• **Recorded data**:
•••••
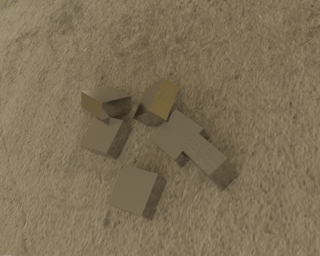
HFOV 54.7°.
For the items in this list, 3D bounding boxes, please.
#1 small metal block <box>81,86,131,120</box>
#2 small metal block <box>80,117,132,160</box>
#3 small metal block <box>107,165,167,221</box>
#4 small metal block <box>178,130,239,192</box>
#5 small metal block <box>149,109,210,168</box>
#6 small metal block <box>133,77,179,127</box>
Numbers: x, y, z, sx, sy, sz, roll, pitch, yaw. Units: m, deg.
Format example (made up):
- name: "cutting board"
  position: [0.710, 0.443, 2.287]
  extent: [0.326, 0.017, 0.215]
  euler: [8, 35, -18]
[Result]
- name: "small metal block"
  position: [-0.078, -0.038, 0.449]
  extent: [0.050, 0.025, 0.050]
  euler: [-20, 37, -42]
- name: "small metal block"
  position: [-0.075, 0.012, 0.434]
  extent: [0.050, 0.025, 0.050]
  euler: [12, 68, 33]
- name: "small metal block"
  position: [-0.027, 0.077, 0.370]
  extent: [0.050, 0.025, 0.050]
  euler: [9, 66, 32]
- name: "small metal block"
  position: [0.053, 0.036, 0.337]
  extent: [0.025, 0.050, 0.050]
  euler: [-44, 51, -2]
- name: "small metal block"
  position: [0.024, 0.012, 0.383]
  extent: [0.050, 0.025, 0.050]
  euler: [-47, 52, -5]
- name: "small metal block"
  position: [-0.005, -0.033, 0.411]
  extent: [0.050, 0.025, 0.050]
  euler: [-18, 46, 60]
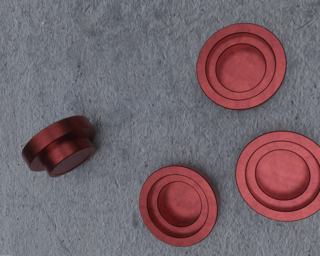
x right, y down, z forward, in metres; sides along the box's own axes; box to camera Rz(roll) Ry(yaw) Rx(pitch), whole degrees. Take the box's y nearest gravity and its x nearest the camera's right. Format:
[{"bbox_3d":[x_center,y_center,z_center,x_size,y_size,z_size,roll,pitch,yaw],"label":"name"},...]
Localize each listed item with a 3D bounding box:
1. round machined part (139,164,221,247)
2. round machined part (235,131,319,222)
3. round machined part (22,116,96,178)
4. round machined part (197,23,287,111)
[{"bbox_3d":[0.027,0.093,0.390,0.098,0.042,0.097,0,90,20],"label":"round machined part"},{"bbox_3d":[0.138,0.052,0.351,0.098,0.042,0.097,0,90,20],"label":"round machined part"},{"bbox_3d":[-0.128,0.030,0.415,0.098,0.098,0.042,-41,77,15],"label":"round machined part"},{"bbox_3d":[0.096,-0.069,0.366,0.098,0.042,0.097,0,90,20],"label":"round machined part"}]
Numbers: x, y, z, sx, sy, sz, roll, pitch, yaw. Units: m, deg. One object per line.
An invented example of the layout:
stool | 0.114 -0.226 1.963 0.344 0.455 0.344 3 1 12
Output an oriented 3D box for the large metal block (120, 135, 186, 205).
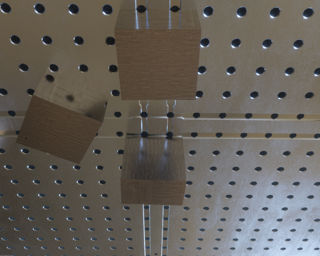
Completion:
large metal block | -0.009 0.056 0.423 0.080 0.080 0.050 2 130 -2

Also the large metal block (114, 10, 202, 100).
large metal block | -0.002 -0.077 0.330 0.080 0.050 0.080 0 130 0

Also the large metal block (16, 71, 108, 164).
large metal block | -0.120 -0.010 0.385 0.080 0.050 0.080 23 126 -19
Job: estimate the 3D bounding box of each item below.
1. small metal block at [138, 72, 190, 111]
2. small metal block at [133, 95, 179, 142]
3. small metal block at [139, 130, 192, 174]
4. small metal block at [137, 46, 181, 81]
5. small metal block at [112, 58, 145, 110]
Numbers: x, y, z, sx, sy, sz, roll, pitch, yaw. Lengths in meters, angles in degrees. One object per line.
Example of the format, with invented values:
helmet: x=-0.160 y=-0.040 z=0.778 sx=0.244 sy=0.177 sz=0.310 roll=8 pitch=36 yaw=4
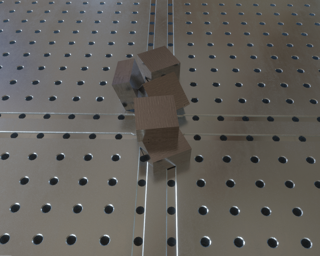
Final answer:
small metal block: x=0.005 y=-0.043 z=0.429 sx=0.050 sy=0.025 sz=0.050 roll=-25 pitch=88 yaw=-20
small metal block: x=-0.005 y=-0.012 z=0.384 sx=0.050 sy=0.025 sz=0.050 roll=-5 pitch=54 yaw=-4
small metal block: x=0.005 y=0.023 z=0.389 sx=0.050 sy=0.025 sz=0.050 roll=-19 pitch=53 yaw=-15
small metal block: x=-0.002 y=-0.100 z=0.492 sx=0.050 sy=0.025 sz=0.050 roll=-22 pitch=54 yaw=-18
small metal block: x=-0.043 y=-0.062 z=0.440 sx=0.025 sy=0.050 sz=0.050 roll=-8 pitch=48 yaw=15
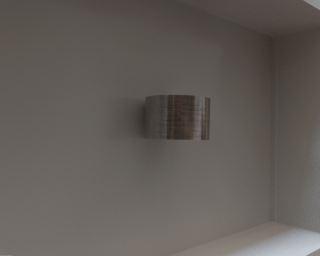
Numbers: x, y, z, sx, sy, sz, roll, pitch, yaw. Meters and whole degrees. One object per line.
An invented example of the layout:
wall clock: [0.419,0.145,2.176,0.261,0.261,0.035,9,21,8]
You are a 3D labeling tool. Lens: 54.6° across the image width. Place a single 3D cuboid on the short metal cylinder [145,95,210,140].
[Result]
short metal cylinder: [0.021,-0.011,0.384,0.081,0.080,0.050,2,89,-40]
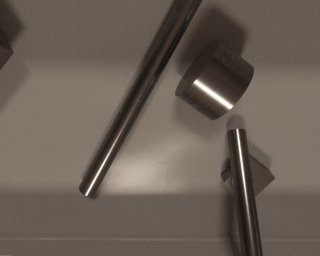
•••••
• **EXERCISE DETAILS**: Your answer is all of the records restated word for word, pictures excluded.

• **ANSWER BOX**:
HFOV 54.7°.
For the items in this list, 3D bounding boxes, please.
#1 small metal block <box>81,86,131,120</box>
#2 small metal block <box>80,117,132,160</box>
#3 small metal block <box>107,165,167,221</box>
#4 small metal block <box>178,130,239,192</box>
#5 small metal block <box>149,109,210,168</box>
#6 small metal block <box>133,77,179,127</box>
Numbers: x, y, z, sx, sy, sz, roll, pitch, yaw. Units: m, deg.
Format example (made up):
- name: "cutting board"
  position: [0.710, 0.443, 2.287]
  extent: [0.326, 0.017, 0.215]
  euler: [8, 35, -18]
[Result]
- name: "small metal block"
  position: [-0.078, -0.038, 0.449]
  extent: [0.050, 0.025, 0.050]
  euler: [-20, 37, -42]
- name: "small metal block"
  position: [-0.075, 0.012, 0.434]
  extent: [0.050, 0.025, 0.050]
  euler: [12, 68, 33]
- name: "small metal block"
  position: [-0.027, 0.077, 0.370]
  extent: [0.050, 0.025, 0.050]
  euler: [9, 66, 32]
- name: "small metal block"
  position: [0.053, 0.036, 0.337]
  extent: [0.025, 0.050, 0.050]
  euler: [-44, 51, -2]
- name: "small metal block"
  position: [0.024, 0.012, 0.383]
  extent: [0.050, 0.025, 0.050]
  euler: [-47, 52, -5]
- name: "small metal block"
  position: [-0.005, -0.033, 0.411]
  extent: [0.050, 0.025, 0.050]
  euler: [-18, 46, 60]
x right, y down, z forward, in metres; sides along the box's own axes; box to camera Rz(roll) Ry(yaw) Rx(pitch), whole degrees. Take the box's y nearest gravity and its x nearest the camera's right. Format:
[{"bbox_3d":[x_center,y_center,z_center,x_size,y_size,z_size,roll,pitch,yaw],"label":"name"},...]
Localize each listed item with a 3D bounding box:
1. round machined part (139,164,221,247)
2. round machined part (235,131,319,222)
3. round machined part (22,116,96,178)
4. round machined part (197,23,287,111)
[{"bbox_3d":[0.027,0.093,0.390,0.098,0.042,0.097,0,90,20],"label":"round machined part"},{"bbox_3d":[0.138,0.052,0.351,0.098,0.042,0.097,0,90,20],"label":"round machined part"},{"bbox_3d":[-0.128,0.030,0.415,0.098,0.098,0.042,-41,77,15],"label":"round machined part"},{"bbox_3d":[0.096,-0.069,0.366,0.098,0.042,0.097,0,90,20],"label":"round machined part"}]
Numbers: x, y, z, sx, sy, sz, roll, pitch, yaw. Units: m, deg. One object per line.
An invented example of the layout:
stool | 0.114 -0.226 1.963 0.344 0.455 0.344 3 1 12
Output an oriented 3D box for the large metal block (120, 135, 186, 205).
Completion:
large metal block | -0.009 0.056 0.423 0.080 0.080 0.050 2 130 -2

Also the large metal block (114, 10, 202, 100).
large metal block | -0.002 -0.077 0.330 0.080 0.050 0.080 0 130 0

Also the large metal block (16, 71, 108, 164).
large metal block | -0.120 -0.010 0.385 0.080 0.050 0.080 23 126 -19
Job: estimate the 3D bounding box of each item below.
1. small metal block at [138, 72, 190, 111]
2. small metal block at [133, 95, 179, 142]
3. small metal block at [139, 130, 192, 174]
4. small metal block at [137, 46, 181, 81]
5. small metal block at [112, 58, 145, 110]
Numbers: x, y, z, sx, sy, sz, roll, pitch, yaw. Lengths in meters, angles in degrees. One object per line.
Example of the format, with invented values:
helmet: x=-0.160 y=-0.040 z=0.778 sx=0.244 sy=0.177 sz=0.310 roll=8 pitch=36 yaw=4
Final answer:
small metal block: x=0.005 y=-0.043 z=0.429 sx=0.050 sy=0.025 sz=0.050 roll=-25 pitch=88 yaw=-20
small metal block: x=-0.005 y=-0.012 z=0.384 sx=0.050 sy=0.025 sz=0.050 roll=-5 pitch=54 yaw=-4
small metal block: x=0.005 y=0.023 z=0.389 sx=0.050 sy=0.025 sz=0.050 roll=-19 pitch=53 yaw=-15
small metal block: x=-0.002 y=-0.100 z=0.492 sx=0.050 sy=0.025 sz=0.050 roll=-22 pitch=54 yaw=-18
small metal block: x=-0.043 y=-0.062 z=0.440 sx=0.025 sy=0.050 sz=0.050 roll=-8 pitch=48 yaw=15
Numbers: x, y, z, sx, sy, sz, roll, pitch, yaw. Meters and whole degrees. One object per line.
An invented example of the layout:
wall clock: [0.419,0.145,2.176,0.261,0.261,0.035,9,21,8]
You are a 3D labeling tool. Lens: 54.6° across the image width. Place a single 3D cuboid on the short metal cylinder [145,95,210,140].
[Result]
short metal cylinder: [0.021,-0.011,0.384,0.081,0.080,0.050,2,89,-40]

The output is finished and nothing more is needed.